Regret-Free Reinforcement Learning for LTL Specifications
This addresses the challenge of high-level temporal control in unknown dynamical systems for control theory, offering a non-incremental advance with practical guarantees.
The paper tackles the problem of learning controllers for linear temporal logic (LTL) specifications in systems with unknown dynamics, presenting the first regret-free online algorithm that provides sharp bounds on optimal behavior after finite learning episodes, unlike previous asymptotic approaches.

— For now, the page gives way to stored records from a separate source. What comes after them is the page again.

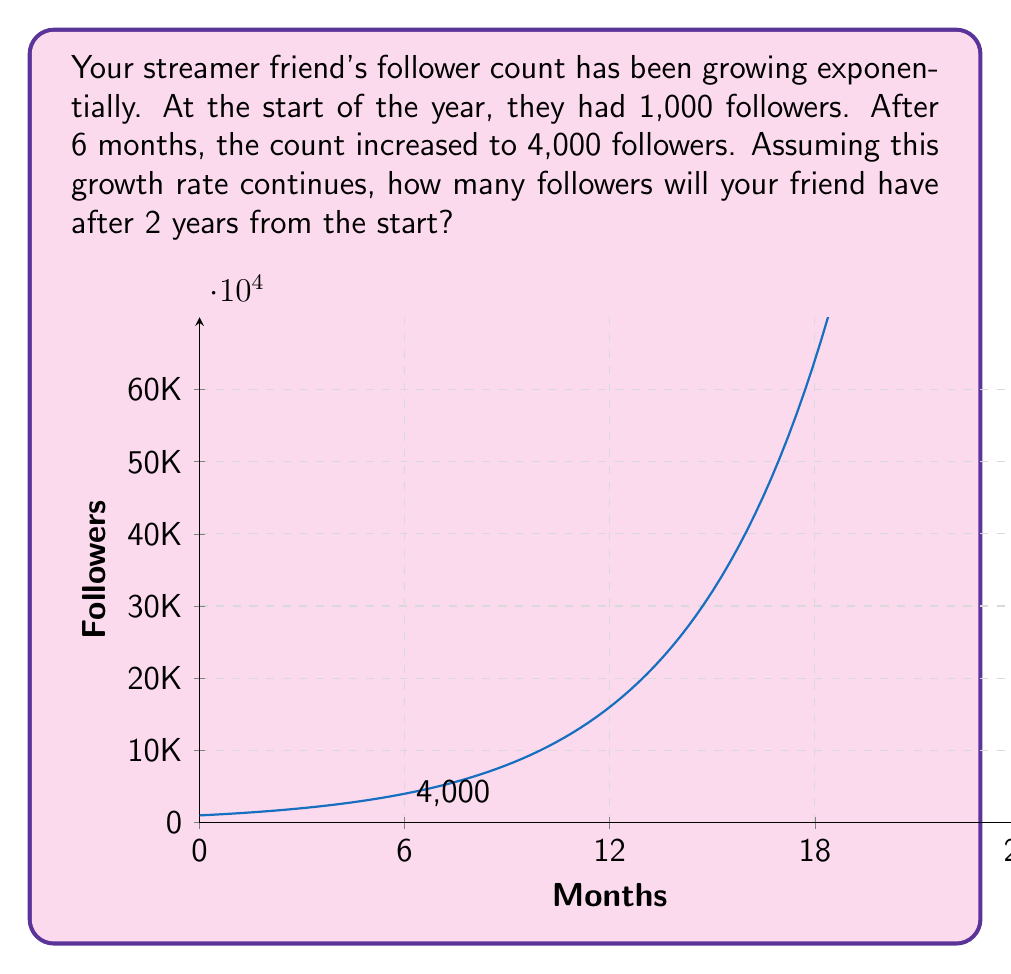Give your solution to this math problem. Let's approach this step-by-step:

1) We can model this growth with an exponential function of the form:
   $$ f(t) = 1000 \cdot e^{rt} $$
   where $f(t)$ is the number of followers at time $t$ (in months), and $r$ is the growth rate.

2) We know that after 6 months ($t=6$), the follower count is 4,000. Let's use this to find $r$:
   $$ 4000 = 1000 \cdot e^{6r} $$

3) Dividing both sides by 1000:
   $$ 4 = e^{6r} $$

4) Taking the natural log of both sides:
   $$ \ln(4) = 6r $$

5) Solving for $r$:
   $$ r = \frac{\ln(4)}{6} \approx 0.2310585 $$

6) Now that we have $r$, we can use the original function to find the follower count after 2 years (24 months):
   $$ f(24) = 1000 \cdot e^{0.2310585 \cdot 24} $$

7) Calculating this:
   $$ f(24) = 1000 \cdot e^{5.54540441} \approx 256,000 $$

Therefore, after 2 years, your streamer friend will have approximately 256,000 followers if the growth rate remains constant.
Answer: 256,000 followers 
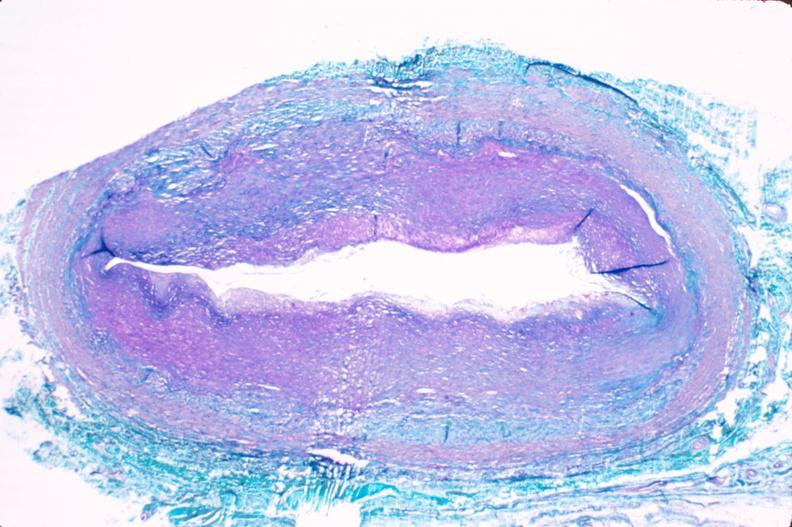s this typical lesion present?
Answer the question using a single word or phrase. No 
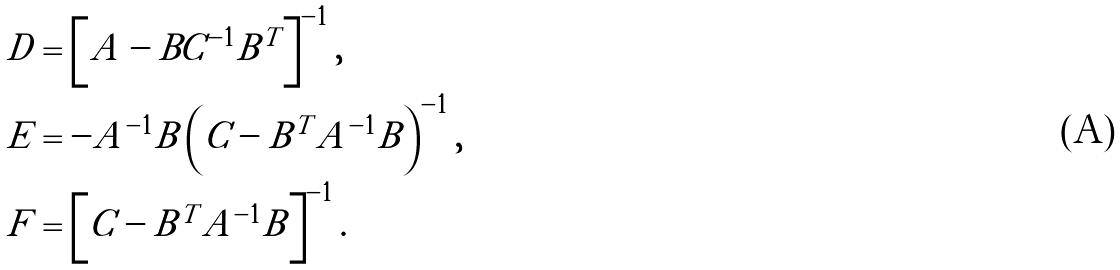<formula> <loc_0><loc_0><loc_500><loc_500>D & = \left [ A - B C ^ { - 1 } B ^ { T } \right ] ^ { - 1 } , \\ E & = - A ^ { - 1 } B \left ( C - B ^ { T } A ^ { - 1 } B \right ) ^ { - 1 } , \\ F & = \left [ C - B ^ { T } A ^ { - 1 } B \right ] ^ { - 1 } .</formula> 
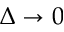Convert formula to latex. <formula><loc_0><loc_0><loc_500><loc_500>\Delta \rightarrow 0</formula> 
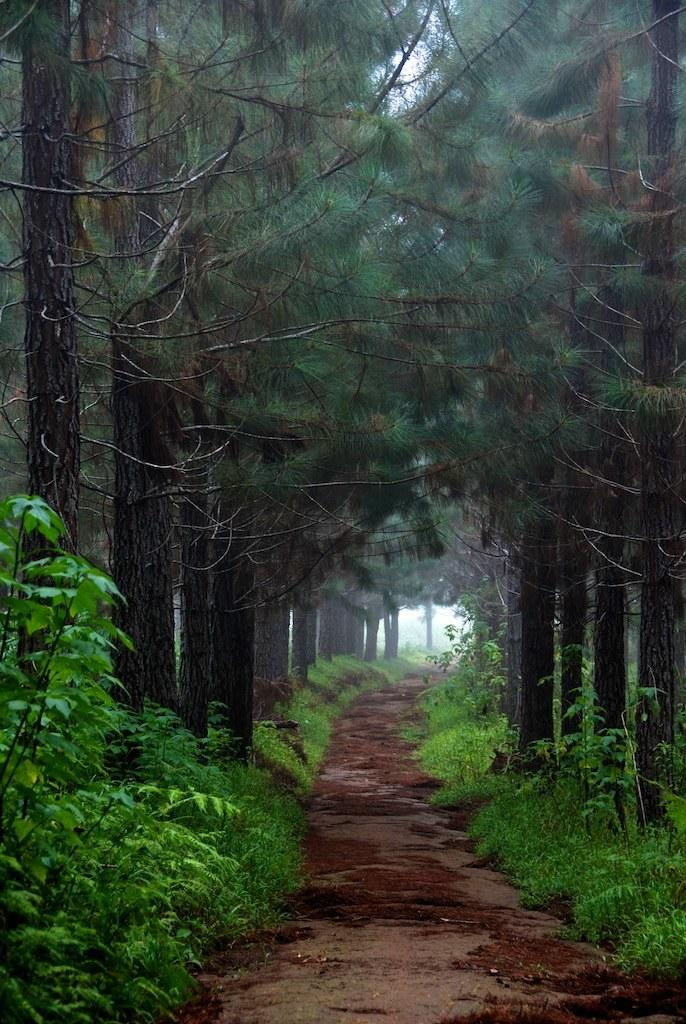Where was the image taken? The image was taken outdoors. What can be seen at the bottom of the image? There is a ground with grass and plants at the bottom of the image. What is visible at the top of the image? There are many trees at the top of the image. What type of print can be seen on the mother's dress in the image? There is no mother or dress present in the image; it features an outdoor scene with grass, plants, and trees.

Learning to control an unknown dynamical system with respect to high-level temporal specifications is an important problem in control theory. We present the first regret-free online algorithm for learning a controller for linear temporal logic (LTL) specifications for systems with unknown dynamics. We assume that the underlying (unknown) dynamics is modeled by a finite-state and action Markov decision process (MDP). Our core technical result is a regret-free learning algorithm for infinite-horizon reach-avoid problems on MDPs. For general LTL specifications, we show that the synthesis problem can be reduced to a reach-avoid problem once the graph structure is known. Additionally, we provide an algorithm for learning the graph structure, assuming knowledge of a minimum transition probability, which operates independently of the main regret-free algorithm. Our LTL controller synthesis algorithm provides sharp bounds on how close we are to achieving optimal behavior after a finite number of learning episodes. In contrast, previous algorithms for LTL synthesis only provide asymptotic guarantees, which give no insight into the transient performance during the learning phase.